At about quarter past ten in the morning, a man, still young, but deathly pale, with hollow cheeks and receding eyes, stood on the edge of the pavement outside a great and gloomy-looking building. A nail-studded door had just been opened and closed to let him pass. The attendant, who wore prison livery, leaned forward curiously to look at him as he walked out with uncertain footsteps. The prison doctor stood by his side and called a four-wheel cab.

"You are sure," he said, "that you have somewhere to go to, Rowan?"

"Quite sure, sir," the man answered.

"Keep your courage up, my man," added the doctor. "If your friends can afford it, go down to the South at once. You will find it easier there. There's your cab. You have some money, have you not?"

"Plenty, thank you, doctor," Rowan answered. "You've been kind to me, sir," he added. "Thank you!"

"There wasn't much I could do," the doctor answered, helping him into the cab, "except to get you out of this hole. Make the most of your time now. Good luck to you!"

The cab rolled off. Rowan, after the first few minutes' exhaustion, due to his unaccustomed preparations, leaned forward on the seat, looking out with hungry, wistful eyes upon the world which he had scarcely hoped to see again. Very soon the full flood of London traffic was flowing past him, the streams of men and women jostling one another upon the pavements, the long, tangled thread of moving vehicles, taximeter cabs, hansoms, and wagons.

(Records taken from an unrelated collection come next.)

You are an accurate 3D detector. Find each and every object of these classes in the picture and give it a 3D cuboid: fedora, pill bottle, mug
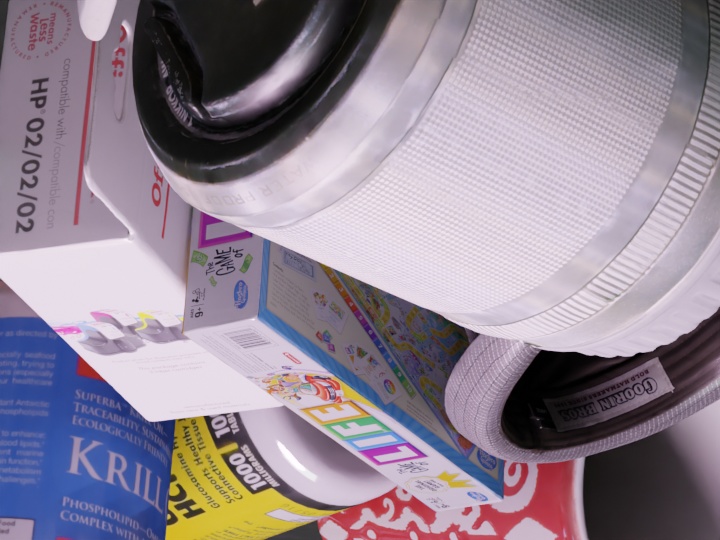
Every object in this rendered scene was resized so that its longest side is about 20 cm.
[{"bbox_3d":[0.111,-0.008,1.154,0.176,0.090,0.200,3,143,-43],"label":"fedora"},{"bbox_3d":[-0.070,0.076,1.348,0.112,0.113,0.200,23,147,-35],"label":"pill bottle"},{"bbox_3d":[0.096,0.105,1.351,0.177,0.134,0.200,8,172,-39],"label":"mug"},{"bbox_3d":[-0.136,0.070,1.243,0.112,0.201,0.112,2,155,1],"label":"pill bottle"}]

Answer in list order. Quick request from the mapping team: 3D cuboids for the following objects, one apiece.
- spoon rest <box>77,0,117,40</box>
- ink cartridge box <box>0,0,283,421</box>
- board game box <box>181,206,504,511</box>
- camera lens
[{"bbox_3d":[-0.173,-0.120,0.901,0.199,0.061,0.099,9,141,-14],"label":"spoon rest"},{"bbox_3d":[-0.089,-0.034,1.120,0.068,0.116,0.200,-7,152,18],"label":"ink cartridge box"},{"bbox_3d":[0.000,0.000,1.159,0.034,0.135,0.200,-11,150,28],"label":"board game box"},{"bbox_3d":[0.035,-0.069,0.984,0.200,0.161,0.160,23,148,-36],"label":"camera lens"}]
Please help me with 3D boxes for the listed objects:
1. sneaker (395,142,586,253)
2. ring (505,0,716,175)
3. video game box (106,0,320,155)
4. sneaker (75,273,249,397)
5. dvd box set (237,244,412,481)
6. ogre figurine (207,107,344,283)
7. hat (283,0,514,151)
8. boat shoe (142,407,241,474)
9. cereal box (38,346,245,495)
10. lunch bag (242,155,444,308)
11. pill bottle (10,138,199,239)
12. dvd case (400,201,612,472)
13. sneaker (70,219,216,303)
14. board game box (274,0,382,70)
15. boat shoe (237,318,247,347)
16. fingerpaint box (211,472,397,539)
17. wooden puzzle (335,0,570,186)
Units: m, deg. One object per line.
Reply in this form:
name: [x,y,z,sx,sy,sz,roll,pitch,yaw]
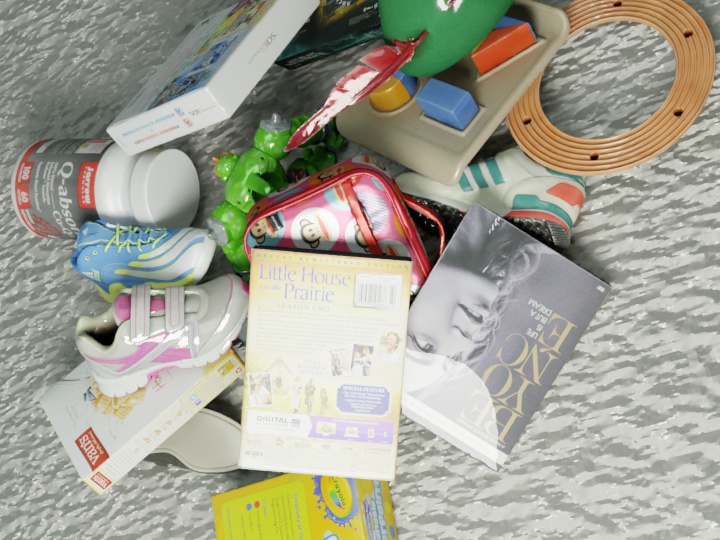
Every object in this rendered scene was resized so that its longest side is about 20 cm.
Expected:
sneaker: [0.126,-0.078,1.144,0.198,0.070,0.094,12,63,36]
ring: [0.229,-0.174,1.106,0.198,0.019,0.202,-12,60,22]
video game box: [-0.155,-0.217,1.264,0.181,0.047,0.201,-14,35,47]
sneaker: [-0.202,0.055,1.194,0.199,0.088,0.082,-27,44,12]
dvd box set: [-0.032,0.083,1.068,0.145,0.029,0.202,4,99,0]
ogre figurine: [-0.089,-0.084,1.229,0.200,0.120,0.098,-45,60,12]
hat: [0.062,-0.187,1.113,0.199,0.165,0.178,13,101,37]
boat shoe: [-0.188,0.177,1.264,0.198,0.057,0.068,1,81,25]
cereal box: [-0.231,0.120,1.254,0.200,0.040,0.144,-40,45,-6]
lunch bag: [0.000,0.000,1.121,0.175,0.082,0.201,-24,108,5]
pill bottle: [-0.287,-0.091,1.349,0.198,0.116,0.117,3,78,31]
dvd case: [0.114,0.061,1.084,0.148,0.016,0.201,31,97,-1]
sneaker: [-0.241,-0.014,1.264,0.199,0.105,0.076,-22,47,44]
board game box: [-0.015,-0.300,1.261,0.199,0.028,0.137,-8,72,48]
boat shoe: [-0.045,0.033,1.220,0.198,0.073,0.062,-17,112,18]
fingerpaint box: [-0.045,0.295,1.129,0.166,0.073,0.202,-21,67,24]
wooden puzzle: [0.081,-0.197,1.166,0.185,0.046,0.201,30,81,43]

The sun was shining, the faces of the people seemed to him, accustomed to the white, hopeless countenances of the men he had passed in his daily exercises and in the prison infirmary, unusually buoyant and cheerful. It was a glad world, this, into which he had come, a world which he was so soon to leave. It was hard to think he was free only that he might crawl away into some corner where he could die.

The cab stopped at last before a block of offices in a by-street of the city. Rowan reluctantly alighted, and crossing the pavement entered the building. He passed through a swing door to a desk. A small boy poked his head out of an inquiry office.

"Can you tell me if Miss Rowan is employed here?" Rowan asked.

"Yes, but you can't see her," the small boy answered. "She's in with the guv'nor now."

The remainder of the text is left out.